%%
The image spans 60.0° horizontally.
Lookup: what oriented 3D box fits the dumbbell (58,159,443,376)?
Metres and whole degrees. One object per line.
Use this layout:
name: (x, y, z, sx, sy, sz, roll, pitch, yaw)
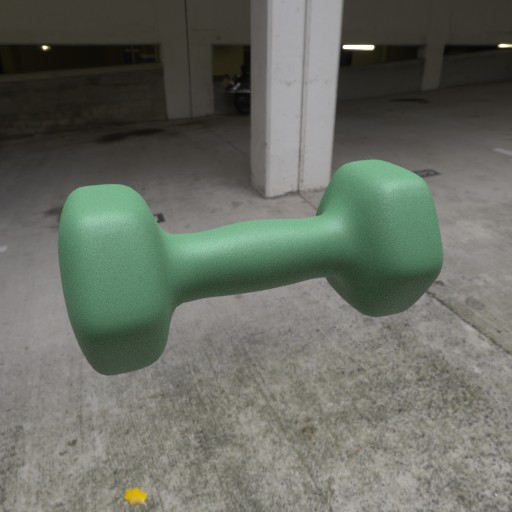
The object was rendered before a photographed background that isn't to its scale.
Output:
dumbbell: (0.000, 0.000, 0.320, 0.257, 0.114, 0.126, -8, 27, -17)
%%
Task details:
Begin at the line containing "name: (x, y, z, sx, sy, sz, roll, pitch, yaw)" and restate exactly every line through the end of the material, skipping the pictures.

Exercise result:
name: (x, y, z, sx, sy, sz, roll, pitch, yaw)
The object was rendered before a photographed background that isn't to its scale.
Output:
dumbbell: (0.000, 0.000, 0.320, 0.257, 0.114, 0.126, -8, 27, -17)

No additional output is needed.